Sol Parti milletvekili Linda Snecker‘in cinsel baskının toplumun tüm katmanlarını kırıp geçirdiğini, bunun failinin de olası tüm köken ve konumlardan erkekler olduğunu söylemesi, aşırı sağcı-milliyetçi İsveç Demokratları‘nca farklı algılanarak tepkiyle karşılandı.
AŞIRI SAĞCI VE MİLLİYETÇİLER, SNECKER’E ÖFKELİ
Aşırı sağcı-milliyetçi vekiller, facebook sayfasında yapılan yorumlarla feminist vekili bombardımana tutarken, partinin önde gelen milletvekillerinden Katja Nyberg , Linda Snecker’i tüm erkekleri tecavüzcü varsaymakla suçlayarak sözlerinin, seks suçları salgınının gerçek nedenlerini örtmeye yönelik bir ses perdesi olduğunu iddia etti.
Nyberg “Sol Parti kadın-erkek eşitliği için mücadele ettiğini iddia ediyor. O zaman niye bugünün kadınlara yönelik şiddetle ilgili sorunlarının temel nedenlerini saklamakta ısrar ediyor. Kendi toplu göç politikalarının sonuçlarını umutsuzca inkar edip tüm erkekleri suçluyorlar, böylece tecavüzle ilgili olguların üstünü örtüyorlar” diye konuştu
Bir başka aşırı sağcı milletvekili de sosyalmedya paylaşımında Linda Snecker’in sözleriyle ilgili “iftira kampanyasına girer değil mi? Ona dava açma imkanımız olup olmadığını araştıralım” çağrısında bulndu.

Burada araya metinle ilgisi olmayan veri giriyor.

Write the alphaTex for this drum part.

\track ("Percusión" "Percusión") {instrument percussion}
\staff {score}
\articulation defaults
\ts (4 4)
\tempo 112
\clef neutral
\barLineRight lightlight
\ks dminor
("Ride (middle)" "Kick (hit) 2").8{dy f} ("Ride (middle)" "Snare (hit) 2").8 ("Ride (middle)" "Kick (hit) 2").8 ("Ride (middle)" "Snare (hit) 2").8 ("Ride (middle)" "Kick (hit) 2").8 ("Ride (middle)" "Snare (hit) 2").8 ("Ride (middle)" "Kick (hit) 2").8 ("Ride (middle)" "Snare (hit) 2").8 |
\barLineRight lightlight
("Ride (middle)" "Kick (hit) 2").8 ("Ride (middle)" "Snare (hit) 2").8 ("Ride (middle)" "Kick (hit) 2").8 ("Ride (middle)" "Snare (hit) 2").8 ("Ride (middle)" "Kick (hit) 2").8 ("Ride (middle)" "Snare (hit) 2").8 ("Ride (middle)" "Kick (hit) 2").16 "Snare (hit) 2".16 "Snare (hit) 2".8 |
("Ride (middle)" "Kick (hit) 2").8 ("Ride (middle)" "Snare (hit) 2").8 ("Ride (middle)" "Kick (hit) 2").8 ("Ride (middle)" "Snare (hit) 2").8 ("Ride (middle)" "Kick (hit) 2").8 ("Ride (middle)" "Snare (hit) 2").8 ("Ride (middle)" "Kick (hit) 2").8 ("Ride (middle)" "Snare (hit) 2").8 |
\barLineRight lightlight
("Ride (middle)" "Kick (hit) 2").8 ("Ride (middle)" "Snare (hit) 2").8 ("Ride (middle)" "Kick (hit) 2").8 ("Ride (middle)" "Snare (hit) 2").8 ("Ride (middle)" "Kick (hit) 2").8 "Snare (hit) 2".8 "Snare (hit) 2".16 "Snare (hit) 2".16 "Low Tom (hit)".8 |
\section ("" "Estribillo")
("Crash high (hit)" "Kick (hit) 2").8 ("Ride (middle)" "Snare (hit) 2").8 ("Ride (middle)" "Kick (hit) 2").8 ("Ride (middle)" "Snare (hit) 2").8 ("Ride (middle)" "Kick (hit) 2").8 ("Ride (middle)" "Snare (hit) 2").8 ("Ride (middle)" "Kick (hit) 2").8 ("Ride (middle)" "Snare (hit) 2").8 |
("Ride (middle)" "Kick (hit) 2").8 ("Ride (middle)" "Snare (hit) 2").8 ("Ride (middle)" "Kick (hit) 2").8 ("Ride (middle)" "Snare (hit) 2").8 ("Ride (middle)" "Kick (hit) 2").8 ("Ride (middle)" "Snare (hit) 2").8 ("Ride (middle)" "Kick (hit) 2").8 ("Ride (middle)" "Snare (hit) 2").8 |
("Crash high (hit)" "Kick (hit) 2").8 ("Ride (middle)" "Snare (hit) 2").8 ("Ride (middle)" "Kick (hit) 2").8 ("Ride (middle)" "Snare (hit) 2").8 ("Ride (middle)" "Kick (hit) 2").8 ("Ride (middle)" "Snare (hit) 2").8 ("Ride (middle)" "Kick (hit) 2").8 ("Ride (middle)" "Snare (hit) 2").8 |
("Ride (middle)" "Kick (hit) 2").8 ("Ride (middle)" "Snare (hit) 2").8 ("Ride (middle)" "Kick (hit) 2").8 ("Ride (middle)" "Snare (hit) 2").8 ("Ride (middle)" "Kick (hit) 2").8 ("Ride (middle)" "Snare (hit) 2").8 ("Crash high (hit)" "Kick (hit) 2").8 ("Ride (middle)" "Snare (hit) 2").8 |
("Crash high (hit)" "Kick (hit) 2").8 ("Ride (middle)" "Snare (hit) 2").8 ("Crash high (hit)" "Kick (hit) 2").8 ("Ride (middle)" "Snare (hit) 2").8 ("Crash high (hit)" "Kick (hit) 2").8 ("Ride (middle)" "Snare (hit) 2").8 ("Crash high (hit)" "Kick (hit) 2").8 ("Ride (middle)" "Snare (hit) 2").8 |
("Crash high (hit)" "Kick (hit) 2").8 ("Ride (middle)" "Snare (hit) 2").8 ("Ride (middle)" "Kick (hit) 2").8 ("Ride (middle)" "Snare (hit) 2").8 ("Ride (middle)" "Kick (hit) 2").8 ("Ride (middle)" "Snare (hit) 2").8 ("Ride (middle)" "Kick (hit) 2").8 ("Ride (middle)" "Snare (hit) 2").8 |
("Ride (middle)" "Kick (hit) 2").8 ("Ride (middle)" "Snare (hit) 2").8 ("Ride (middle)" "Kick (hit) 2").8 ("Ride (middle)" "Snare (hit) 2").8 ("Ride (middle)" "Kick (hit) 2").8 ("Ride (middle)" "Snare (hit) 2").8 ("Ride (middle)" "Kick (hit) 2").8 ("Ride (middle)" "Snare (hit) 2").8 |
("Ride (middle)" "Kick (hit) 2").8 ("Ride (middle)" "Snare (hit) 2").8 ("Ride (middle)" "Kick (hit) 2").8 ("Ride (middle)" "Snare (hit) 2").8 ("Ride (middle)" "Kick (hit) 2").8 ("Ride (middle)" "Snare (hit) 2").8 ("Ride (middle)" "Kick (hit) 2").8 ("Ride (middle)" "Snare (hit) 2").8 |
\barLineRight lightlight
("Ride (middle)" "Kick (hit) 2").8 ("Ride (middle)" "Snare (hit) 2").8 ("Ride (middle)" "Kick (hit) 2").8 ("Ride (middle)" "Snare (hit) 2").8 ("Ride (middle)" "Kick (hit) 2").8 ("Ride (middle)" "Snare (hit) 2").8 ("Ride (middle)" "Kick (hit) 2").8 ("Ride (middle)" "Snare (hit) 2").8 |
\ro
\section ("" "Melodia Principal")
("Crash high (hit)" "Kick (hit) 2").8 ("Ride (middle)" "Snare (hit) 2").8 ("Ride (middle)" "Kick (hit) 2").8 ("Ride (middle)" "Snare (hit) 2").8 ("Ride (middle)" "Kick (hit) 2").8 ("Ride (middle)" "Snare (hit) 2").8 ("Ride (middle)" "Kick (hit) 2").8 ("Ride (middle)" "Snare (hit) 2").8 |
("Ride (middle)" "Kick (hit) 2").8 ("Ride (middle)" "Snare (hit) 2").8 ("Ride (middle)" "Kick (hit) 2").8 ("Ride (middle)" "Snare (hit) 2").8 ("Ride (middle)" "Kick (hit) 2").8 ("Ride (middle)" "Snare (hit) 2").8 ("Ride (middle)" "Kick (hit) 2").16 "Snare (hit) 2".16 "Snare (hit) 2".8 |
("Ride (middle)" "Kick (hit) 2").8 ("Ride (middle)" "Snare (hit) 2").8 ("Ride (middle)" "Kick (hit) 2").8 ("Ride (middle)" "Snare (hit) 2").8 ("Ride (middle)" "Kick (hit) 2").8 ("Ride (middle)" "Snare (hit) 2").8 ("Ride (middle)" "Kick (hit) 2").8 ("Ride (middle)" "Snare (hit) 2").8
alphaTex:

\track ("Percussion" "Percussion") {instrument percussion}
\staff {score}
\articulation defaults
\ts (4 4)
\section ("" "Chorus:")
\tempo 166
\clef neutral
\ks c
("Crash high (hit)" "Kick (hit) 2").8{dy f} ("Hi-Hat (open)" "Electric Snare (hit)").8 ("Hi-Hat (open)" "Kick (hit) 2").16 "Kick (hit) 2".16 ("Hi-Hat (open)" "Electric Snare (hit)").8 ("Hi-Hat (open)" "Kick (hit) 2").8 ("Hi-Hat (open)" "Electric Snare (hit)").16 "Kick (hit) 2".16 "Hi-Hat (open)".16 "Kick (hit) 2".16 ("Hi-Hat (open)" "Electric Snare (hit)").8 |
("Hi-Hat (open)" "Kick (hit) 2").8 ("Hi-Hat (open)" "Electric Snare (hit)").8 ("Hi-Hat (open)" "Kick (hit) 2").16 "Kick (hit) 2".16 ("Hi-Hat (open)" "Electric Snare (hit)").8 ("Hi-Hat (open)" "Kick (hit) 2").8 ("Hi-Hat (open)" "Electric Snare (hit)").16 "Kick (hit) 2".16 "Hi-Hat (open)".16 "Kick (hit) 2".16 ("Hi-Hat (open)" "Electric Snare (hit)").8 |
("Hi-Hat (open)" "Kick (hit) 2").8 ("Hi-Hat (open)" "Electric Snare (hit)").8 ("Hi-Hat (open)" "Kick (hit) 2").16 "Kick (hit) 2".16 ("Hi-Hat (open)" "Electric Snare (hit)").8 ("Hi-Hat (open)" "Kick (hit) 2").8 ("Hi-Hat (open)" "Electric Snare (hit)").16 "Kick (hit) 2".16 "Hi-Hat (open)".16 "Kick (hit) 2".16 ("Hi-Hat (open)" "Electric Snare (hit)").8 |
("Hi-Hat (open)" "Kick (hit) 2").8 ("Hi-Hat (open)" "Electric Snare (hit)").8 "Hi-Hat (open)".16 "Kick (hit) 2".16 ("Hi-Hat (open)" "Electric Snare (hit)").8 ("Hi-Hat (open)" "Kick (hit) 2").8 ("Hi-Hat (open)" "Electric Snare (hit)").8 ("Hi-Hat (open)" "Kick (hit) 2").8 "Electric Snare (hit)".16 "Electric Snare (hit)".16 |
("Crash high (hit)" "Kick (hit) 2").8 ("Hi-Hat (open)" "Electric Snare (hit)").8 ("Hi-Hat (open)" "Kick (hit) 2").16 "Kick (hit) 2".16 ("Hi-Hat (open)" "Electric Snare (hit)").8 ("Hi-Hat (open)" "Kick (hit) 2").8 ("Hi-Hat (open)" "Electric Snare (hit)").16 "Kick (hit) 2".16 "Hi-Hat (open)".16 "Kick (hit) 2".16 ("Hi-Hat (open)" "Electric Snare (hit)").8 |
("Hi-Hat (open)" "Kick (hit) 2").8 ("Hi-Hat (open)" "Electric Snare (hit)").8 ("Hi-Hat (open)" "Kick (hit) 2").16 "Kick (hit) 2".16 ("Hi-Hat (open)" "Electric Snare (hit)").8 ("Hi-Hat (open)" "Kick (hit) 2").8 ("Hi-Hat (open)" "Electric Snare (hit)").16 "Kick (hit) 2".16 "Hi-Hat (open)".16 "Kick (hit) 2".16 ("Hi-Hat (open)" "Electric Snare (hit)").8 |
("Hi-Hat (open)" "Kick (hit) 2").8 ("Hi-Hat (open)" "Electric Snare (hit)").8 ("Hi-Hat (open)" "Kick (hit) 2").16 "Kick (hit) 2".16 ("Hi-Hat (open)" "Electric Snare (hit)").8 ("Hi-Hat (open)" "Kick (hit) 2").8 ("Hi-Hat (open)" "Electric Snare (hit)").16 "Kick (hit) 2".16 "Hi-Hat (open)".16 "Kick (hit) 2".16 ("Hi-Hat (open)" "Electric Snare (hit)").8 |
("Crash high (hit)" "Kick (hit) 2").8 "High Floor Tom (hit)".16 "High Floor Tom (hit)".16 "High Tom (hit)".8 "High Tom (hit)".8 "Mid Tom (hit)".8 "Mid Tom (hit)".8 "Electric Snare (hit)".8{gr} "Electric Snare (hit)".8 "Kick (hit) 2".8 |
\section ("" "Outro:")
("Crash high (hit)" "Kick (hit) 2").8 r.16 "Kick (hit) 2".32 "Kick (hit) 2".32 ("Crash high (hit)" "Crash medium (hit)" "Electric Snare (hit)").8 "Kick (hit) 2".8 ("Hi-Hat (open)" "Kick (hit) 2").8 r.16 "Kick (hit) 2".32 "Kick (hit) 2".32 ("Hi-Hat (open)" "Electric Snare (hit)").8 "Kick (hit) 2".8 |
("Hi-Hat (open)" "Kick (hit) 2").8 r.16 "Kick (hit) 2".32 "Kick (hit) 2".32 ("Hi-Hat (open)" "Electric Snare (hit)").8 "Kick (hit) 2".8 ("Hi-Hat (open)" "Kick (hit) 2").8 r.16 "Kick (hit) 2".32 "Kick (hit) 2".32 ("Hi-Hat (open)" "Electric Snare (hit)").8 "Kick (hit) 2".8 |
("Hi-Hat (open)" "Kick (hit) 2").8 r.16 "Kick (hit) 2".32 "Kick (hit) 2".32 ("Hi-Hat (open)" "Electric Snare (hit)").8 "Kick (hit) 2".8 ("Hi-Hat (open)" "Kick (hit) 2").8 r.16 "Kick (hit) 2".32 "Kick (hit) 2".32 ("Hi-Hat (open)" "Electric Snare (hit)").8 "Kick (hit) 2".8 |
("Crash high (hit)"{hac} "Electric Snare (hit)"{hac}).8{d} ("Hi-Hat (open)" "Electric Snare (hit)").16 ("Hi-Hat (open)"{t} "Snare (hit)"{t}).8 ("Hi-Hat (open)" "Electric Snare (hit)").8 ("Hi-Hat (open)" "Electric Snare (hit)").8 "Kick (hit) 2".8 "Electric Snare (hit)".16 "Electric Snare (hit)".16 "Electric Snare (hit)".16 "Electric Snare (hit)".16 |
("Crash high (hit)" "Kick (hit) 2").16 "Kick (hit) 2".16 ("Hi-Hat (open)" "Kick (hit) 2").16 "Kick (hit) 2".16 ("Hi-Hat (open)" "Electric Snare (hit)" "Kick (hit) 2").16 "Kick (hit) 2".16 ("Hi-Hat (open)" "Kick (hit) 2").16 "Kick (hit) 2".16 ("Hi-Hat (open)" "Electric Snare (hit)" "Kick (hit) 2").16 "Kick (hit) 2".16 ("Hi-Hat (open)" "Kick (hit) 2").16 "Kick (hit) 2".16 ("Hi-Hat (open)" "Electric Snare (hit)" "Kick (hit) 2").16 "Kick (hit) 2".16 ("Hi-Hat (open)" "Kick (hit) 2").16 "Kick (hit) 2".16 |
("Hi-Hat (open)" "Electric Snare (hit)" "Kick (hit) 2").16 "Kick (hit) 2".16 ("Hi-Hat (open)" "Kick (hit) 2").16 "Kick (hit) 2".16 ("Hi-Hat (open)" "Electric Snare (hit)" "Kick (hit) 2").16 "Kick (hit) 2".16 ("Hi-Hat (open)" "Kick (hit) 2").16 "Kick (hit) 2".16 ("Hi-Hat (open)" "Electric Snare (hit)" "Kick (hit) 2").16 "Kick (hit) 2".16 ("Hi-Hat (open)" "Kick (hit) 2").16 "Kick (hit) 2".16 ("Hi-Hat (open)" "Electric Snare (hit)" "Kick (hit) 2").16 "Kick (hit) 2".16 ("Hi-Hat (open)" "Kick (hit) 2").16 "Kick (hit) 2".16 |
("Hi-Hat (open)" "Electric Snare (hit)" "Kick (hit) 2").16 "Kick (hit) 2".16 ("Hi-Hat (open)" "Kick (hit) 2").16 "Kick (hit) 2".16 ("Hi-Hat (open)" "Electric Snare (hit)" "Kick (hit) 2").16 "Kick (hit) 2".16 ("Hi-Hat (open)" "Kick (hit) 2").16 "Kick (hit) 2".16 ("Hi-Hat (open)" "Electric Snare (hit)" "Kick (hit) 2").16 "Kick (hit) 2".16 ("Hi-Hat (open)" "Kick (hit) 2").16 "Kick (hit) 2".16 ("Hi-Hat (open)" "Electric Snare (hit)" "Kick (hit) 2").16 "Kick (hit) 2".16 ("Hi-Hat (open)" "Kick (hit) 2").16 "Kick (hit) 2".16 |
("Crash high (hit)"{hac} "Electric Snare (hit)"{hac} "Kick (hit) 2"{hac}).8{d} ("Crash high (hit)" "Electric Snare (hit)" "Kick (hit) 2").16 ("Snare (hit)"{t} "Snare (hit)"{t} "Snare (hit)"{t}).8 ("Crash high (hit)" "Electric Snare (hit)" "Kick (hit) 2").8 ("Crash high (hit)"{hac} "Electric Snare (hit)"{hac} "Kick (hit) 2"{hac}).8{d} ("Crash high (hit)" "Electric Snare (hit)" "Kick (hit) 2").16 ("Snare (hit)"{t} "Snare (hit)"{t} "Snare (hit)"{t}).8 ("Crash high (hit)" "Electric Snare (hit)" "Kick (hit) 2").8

BİR YILDA 7 BİN 556 TECAVÜZ VAKASI
İsveç Suçu Önleme Konseyi’nin verilerine göre 7 bin 556 vakayla 2018 yılında tecavüz sayısında rekor kırıldı. Henüz bu istatistiklerle ilgili etnik arka plan çıkarılmadı, ancak gözler ‘olağan şüphelilere’ çevrildi.
İsveç’te 2015 yılındaki sığınmacı akını sonrası göçmenlerin toplumsal hayatta aşırı temsil edildiği ve hatta baskın çıktığına dair hem söylemler hem de raporlar var.
İsveç nüfusunun dörtte birini göçmenler oluşturuyor.
1917’de Sosyal Demokrat Parti’den ayrılıp 1990’a dek İsveç Komünist Partisi adıyla varolan Sol Parti, sosyalist ve feminist çizgide politika yapıyor ve Kızıl-Yeşil hükümeti kurulduğunda dışarıdan destek veriyor.